This manifested itself simply at module load time. Indeed it's somewhat tricky
to support 33 different kernel versions (3.10+), plus weird distro
frankenkernels.
If OpenWRT doesn't support < 4.2, you probably don't need to apply this.
But it also can't hurt, and probably best to stay updated.
Signed-off-by: Jason A. Donenfeld <Jason@zx2c4.com>
* tools: add wincompat layer to wg(8)
Consistent with a lot of the Windows work we've been doing this last cycle,
wg(8) now supports the WireGuard for Windows app by talking through a named
pipe. You can compile this as `PLATFORM=windows make -C src/tools` with mingw.

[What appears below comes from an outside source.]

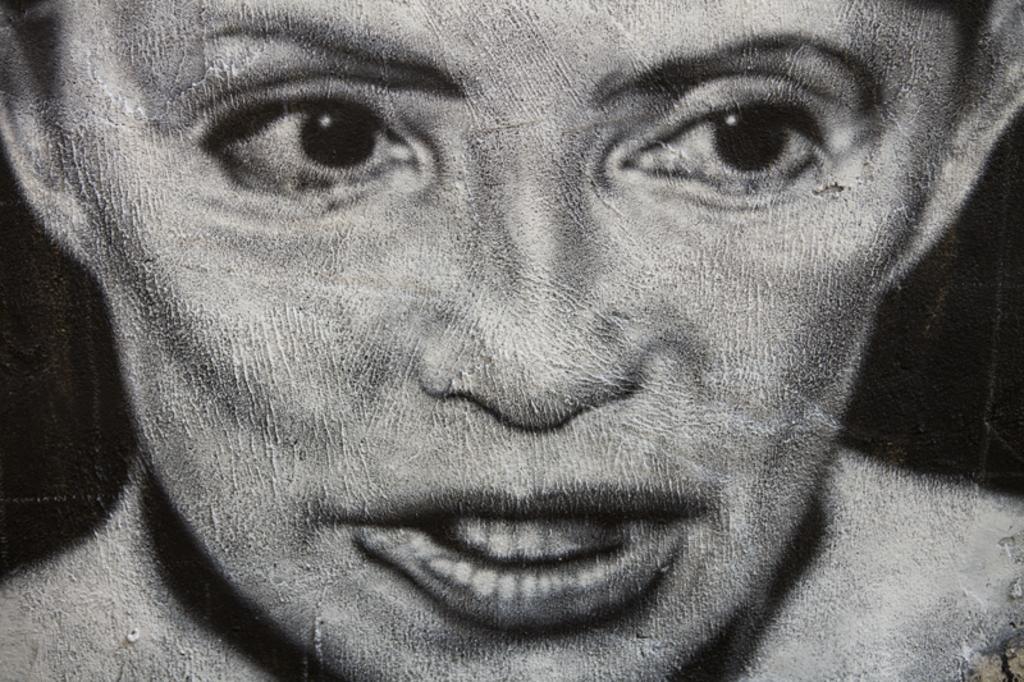Could you give a brief overview of what you see in this image? This image consists of a picture of a woman. The background is dark. 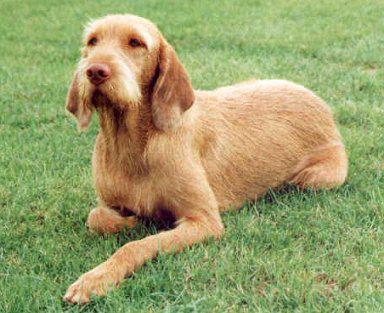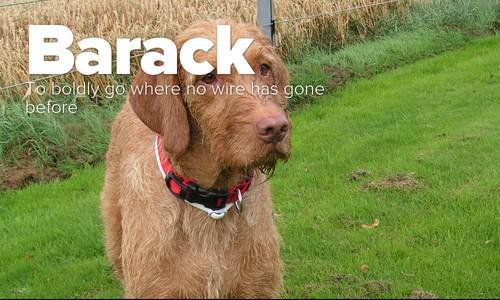The first image is the image on the left, the second image is the image on the right. For the images displayed, is the sentence "In one image, a dog is carrying a stuffed animal in its mouth." factually correct? Answer yes or no. No.

Because programming things for Windows is pretty ugly, we've done this via a
separate standalone wincompat layer, so that we don't pollute our pretty *nix
utility.
* compat: udp_tunnel: force cast sk_data_ready
This is a hack to work around broken Android kernel wrapper scripts.
* wg-quick: freebsd: workaround SIOCGIFSTATUS race in FreeBSD kernel
FreeBSD had a number of kernel race conditions, some of which we can vaguely
work around. These are in the process of being fixed upstream, but probably
people won't update for a while.
* wg-quick: make darwin and freebsd path search strict like linux
Correctness.
* socket: set ignore_df=1 on xmit
This was intended from early on but didn't work on IPv6 without the ignore_df
flag. It allows sending fragments over IPv6.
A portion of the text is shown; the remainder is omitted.